While the term “critical regionalism” does not yet seem to have been widely adopted as a name for this kind of critical agenda, I would argue that it is in fact indicative of a general trend in literary scholarship over the past decade: the pursuit new (or renewed) geographies that go beyond the nation but resist the centrifugal pull, the temptation, of “the world.” One of the virtues of these areas, as I will call them, is that they make it easier to avoid some of the false dichotomies that have come to structure debates about “world literature.” The justifications for these areas have been, among other things, oceanic (the Transatlantic; the Black Atlantic; various framings of the Pacific; most recently the Indian Ocean), continental (the Americas; Europe; Asia), imperial (Ottoman; Mongol; post-Soviet; Qing); linguistic (the Sinophone; the Sanskrit cosmopolis), and commercial (the silk road; the Mediterranean). These areas are, then heterogeneous and, unlike the areas of Area Studies, by no means mutually exclusive. We might think, for example, of all the different ways in which Latin American literary studies has engaged in alternative geographies: the “literatures of the Americas”; Hispanophone and/or Lusophone versions of “the Atlantic” in which Spain and Portugal gain renewed importance; a more regular and more vigorous inclusion of Brazil in the study of “Latin America” as a region. “Asia,” perhaps most obviously, has been transformed from a vaguely Orientalist conceptual relic to a stage on which to act out diverse arguments about alternative modernities: Spivak’s critical regionalism; revisionist global economic histories of the time before European hegemony (Pommeranz); scholarly gambits (the founding of the journal Verge: Studies in Global Asias; various “Asian Humanities” initiatives); and diasporic identity politics, from below and above (Asian-American; Singapore). This has also included a renewed interest in major figures of historical pan-Asianism who had for some time been considered reactionary, such as Okakura Kakuzo and Takeuchi Yoshimi (Calichman; Chen). While many of these areas have long histories in other disciplines or even in literary studies, it is only in the recent past that we have witnessed both their quantitative increase in literary studies and a qualitative transformation of their meaning in relation to the idea of world literature.

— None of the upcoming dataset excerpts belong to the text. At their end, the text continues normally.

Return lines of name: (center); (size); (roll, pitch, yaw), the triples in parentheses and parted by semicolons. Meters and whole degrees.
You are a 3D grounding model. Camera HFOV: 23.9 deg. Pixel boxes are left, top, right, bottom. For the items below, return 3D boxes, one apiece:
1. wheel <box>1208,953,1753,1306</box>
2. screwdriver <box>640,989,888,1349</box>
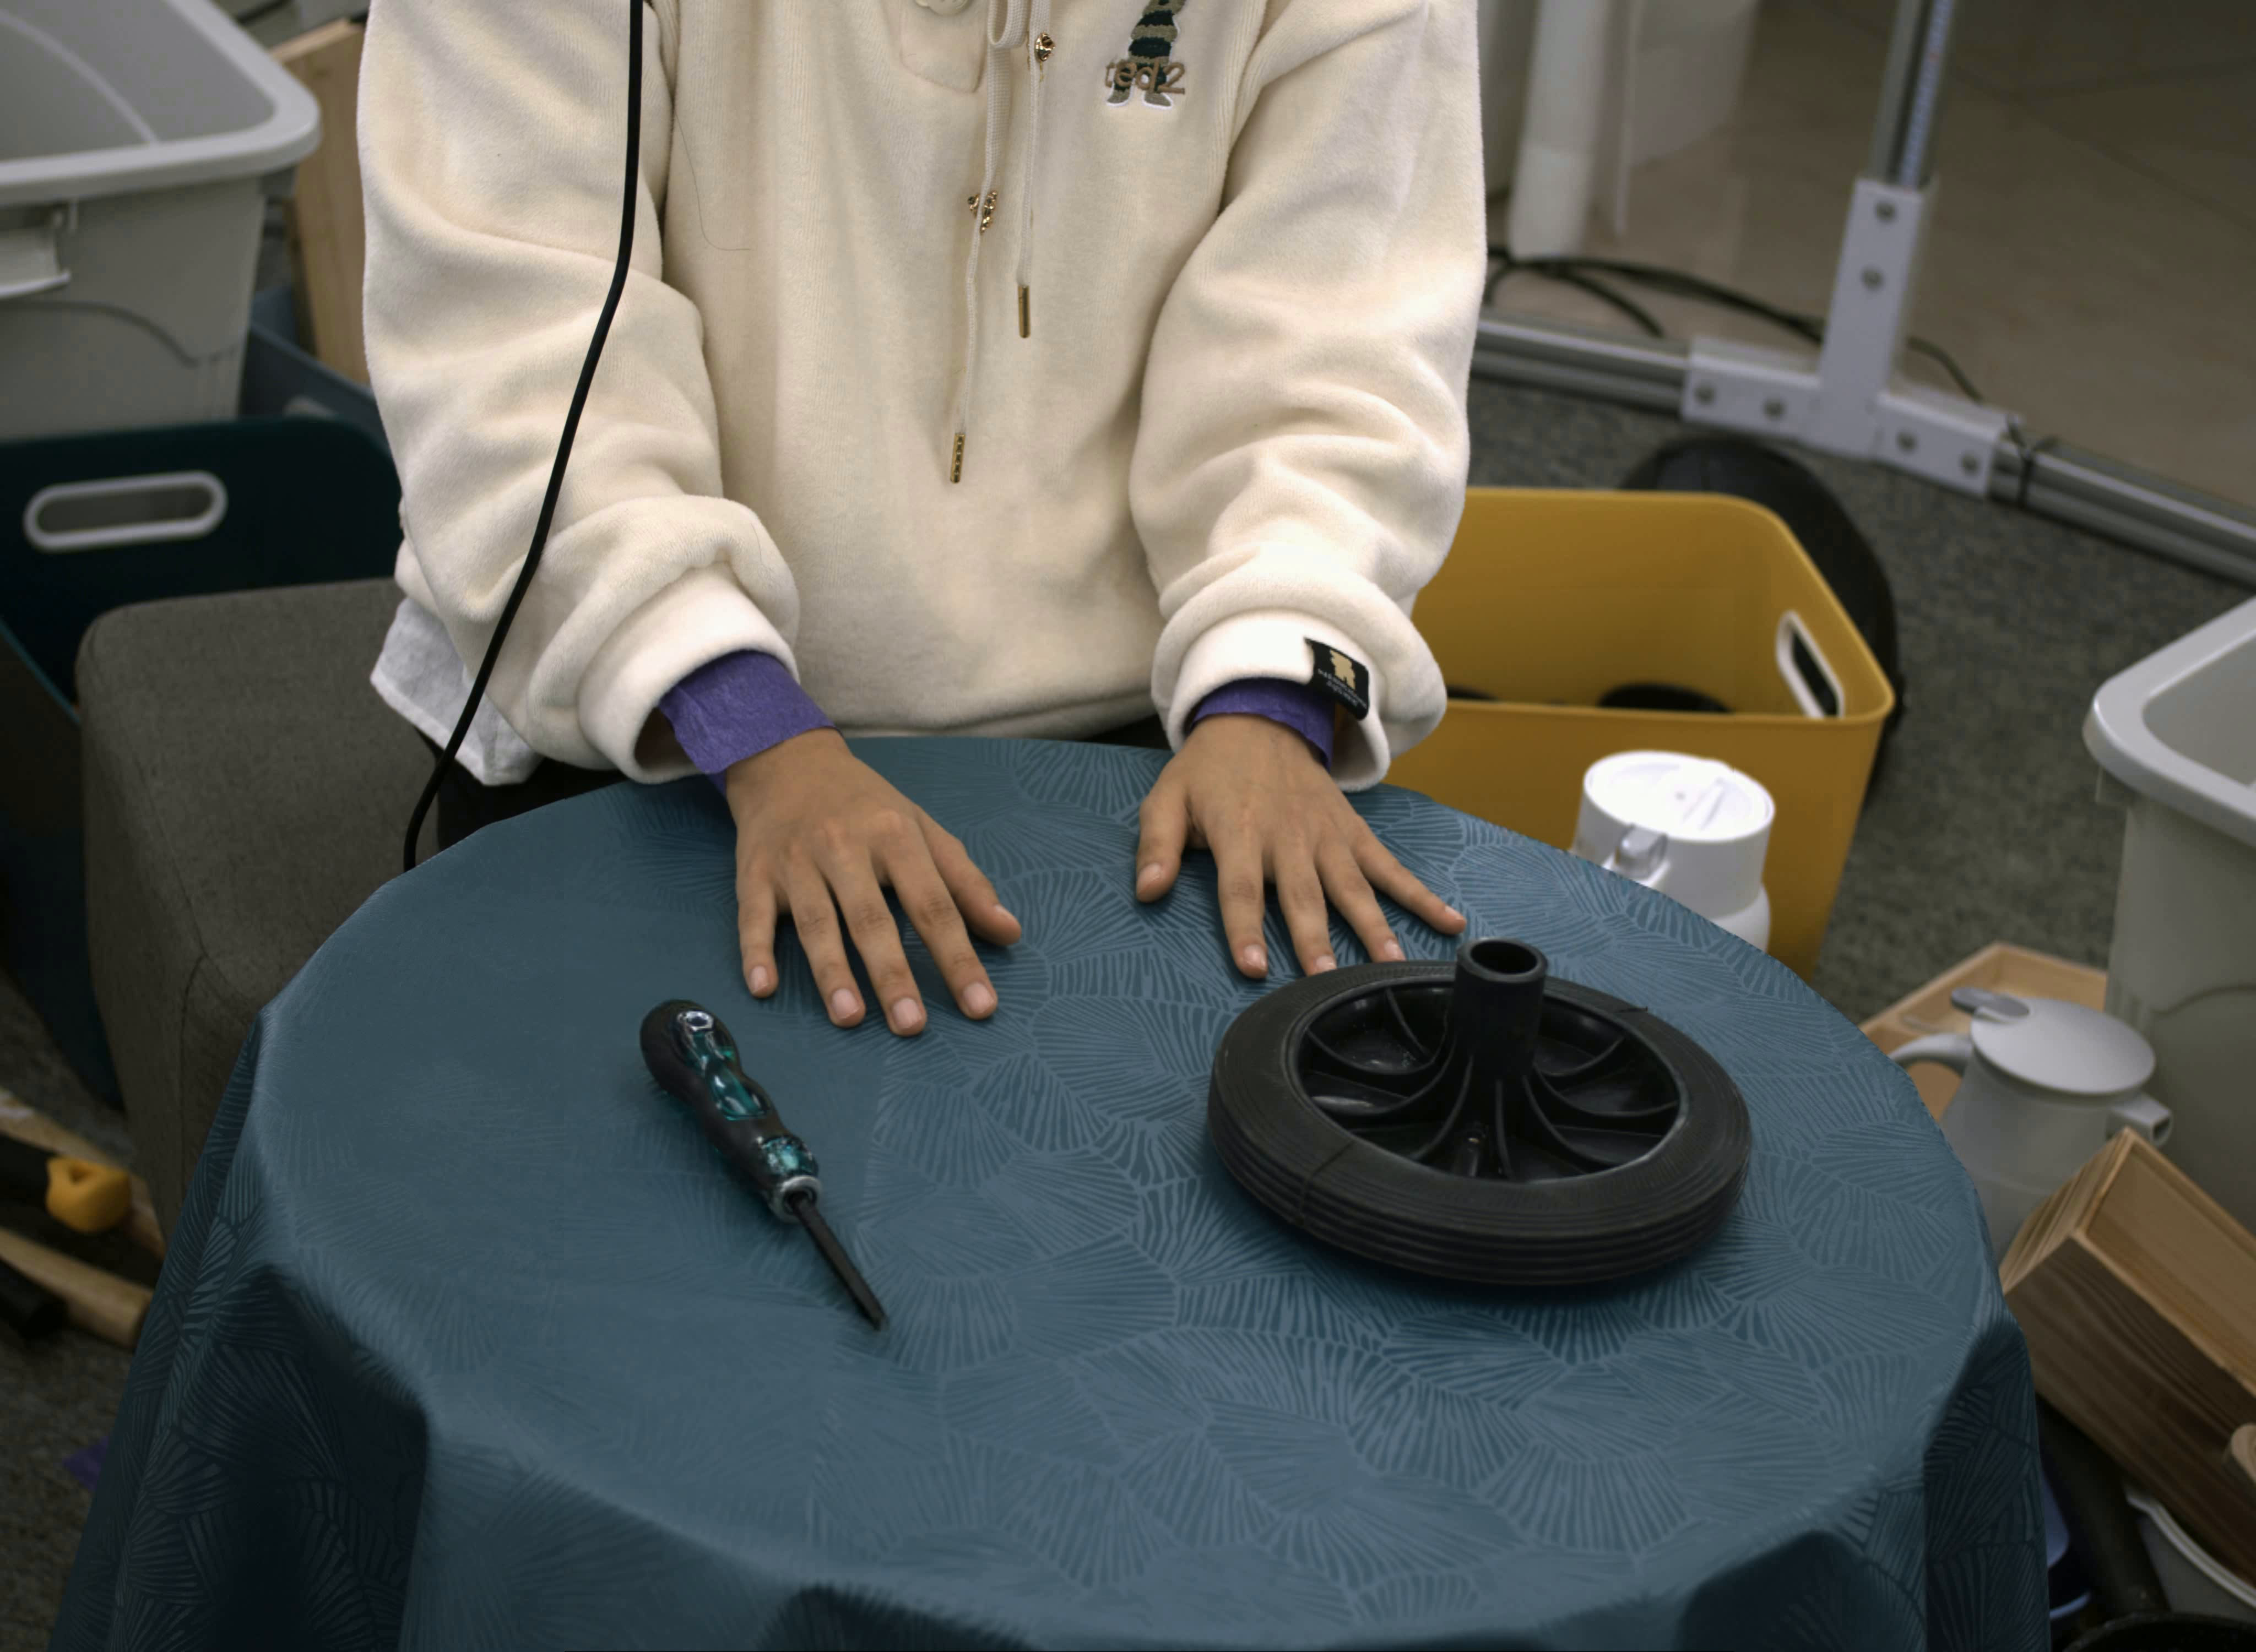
wheel: (0.124, 0.085, 1.822); (0.186, 0.079, 0.191); (0, 30, -13)
screwdriver: (-0.119, 0.116, 1.768); (0.033, 0.033, 0.192); (-7, 35, -26)

To this claim of fact that areas have been a trend in recent literary studies, I wish to add the value claim that this has been a good thing and that there ought to be more of it. At a time when the limitations of monolingual, nation-based departments and disciplines seemed hopelessly out of touch with contemporary realities, “world literature” emerged as the ultimate challenge to parochialism (even the enhanced parochialism of Euro-centric Comparative Literature). While this age of “world literature” is hardly over, many of the methodological debates about world-scale projects have reached impasses to which supernational but subglobal areas provide a partial solution. Areas represent not just a quantitative compromise, but also a variety of specific, qualitative responses to the challenge of thinking literary studies beyond the nation. They break open the limits of the national while retaining enough specificity to allow for in-depth research, knowledge of the relevant languages, and so on. (I opt for “area” rather than “region,” for example, but the former acknowledged the tautological relationship between places in the world and fields of academic expertise). If areas are less sublime than the world, they should prove sufficiently challenging to most of us.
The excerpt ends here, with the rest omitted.